As you can see, the speed (in pixels per second) of the circle varies, even though `t` is increased at constant speed. This makes beziers difficult to use for anything practical out of the box.

## Drawing¶

Drawing beziers (or objects based on the curve) is a very common use case, but it’s also not easy. For pretty much any case, Bezier curves need to be converted to some sort of segments. This is normally difficult, however, without creating a very high amount of them.

The reason is that some sections of a curve (specifically, corners) may require considerable amounts of points, while other sections may not:

Additionally, if both control points were `0, 0` (remember they are relative vectors), the Bezier curve would just be a straight line (so drawing a high amount of points would be wasteful).

Before drawing Bezier curves, tesselation is required.

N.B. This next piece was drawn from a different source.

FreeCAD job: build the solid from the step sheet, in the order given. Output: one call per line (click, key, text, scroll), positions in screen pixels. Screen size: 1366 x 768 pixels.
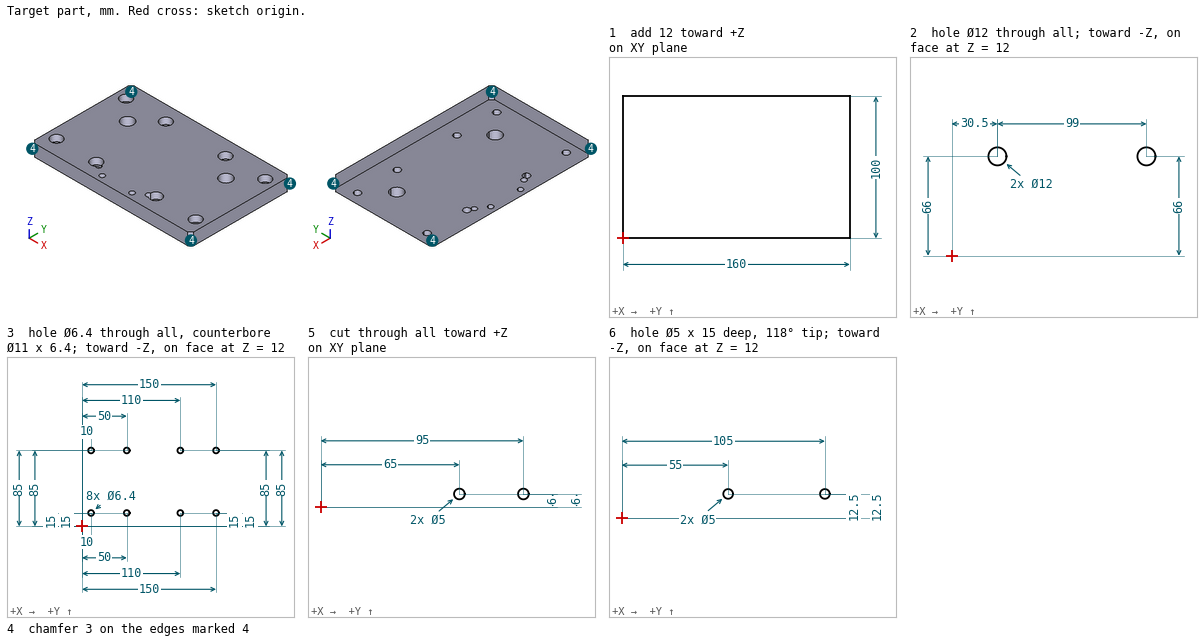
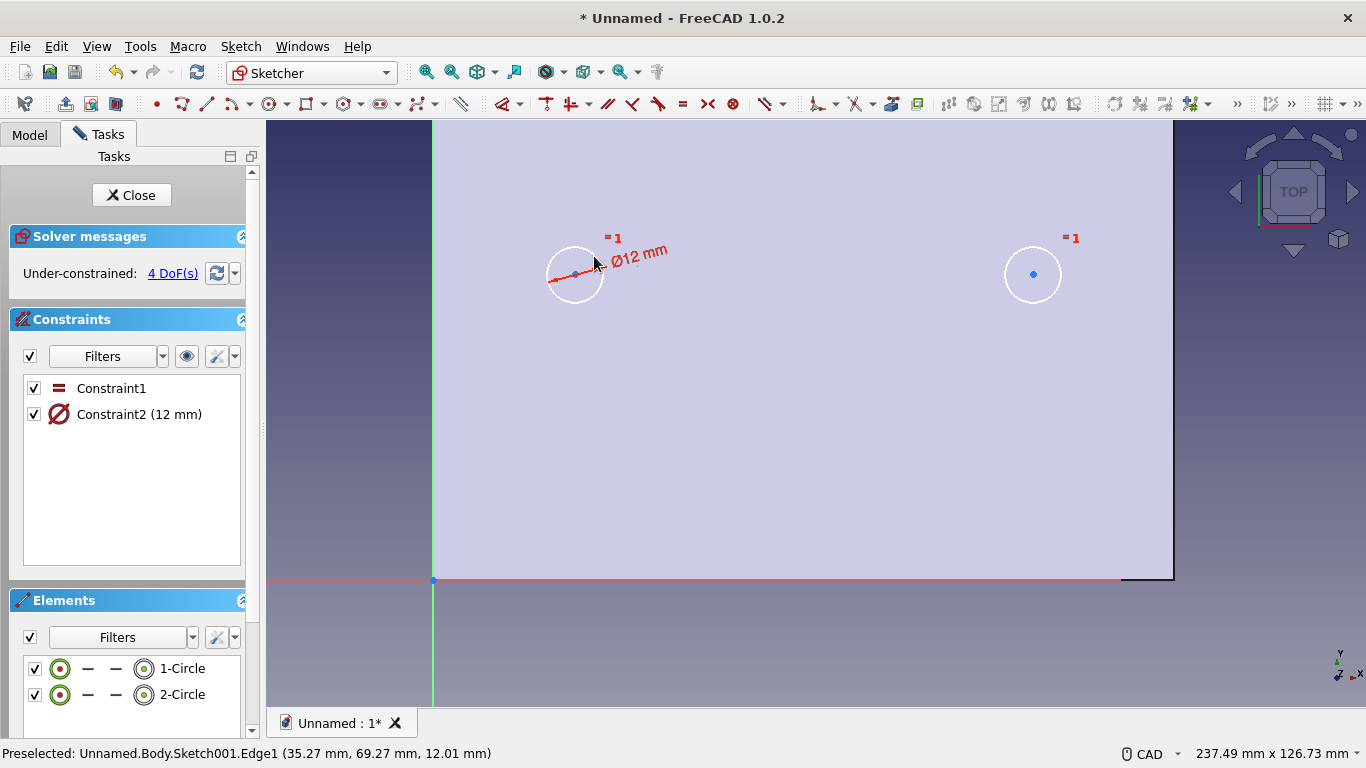
click(575, 275)

This is often done with a recursive or divide and conquer function that splits the curve until the curvature amount becomes less than a certain threshold.

The Curve classes provide this via the Curve2D.tessellate() function (which receives optional `stages` of recursion and angle `tolerance` arguments). This way, drawing something based on a curve is easier.

## Traversal¶

The last common use case for the curves is to traverse them. Because of what was mentioned before regarding constant speed, this is also difficult.

To make this easier, the curves need to be baked into equidistant points. This way, they can be approximated with regular interpolation (which can be improved further with a cubic option). To do this, just use the Curve.interpolate_baked() method together with Curve2D.get_baked_length(). The first call to either of them will bake the curve internally.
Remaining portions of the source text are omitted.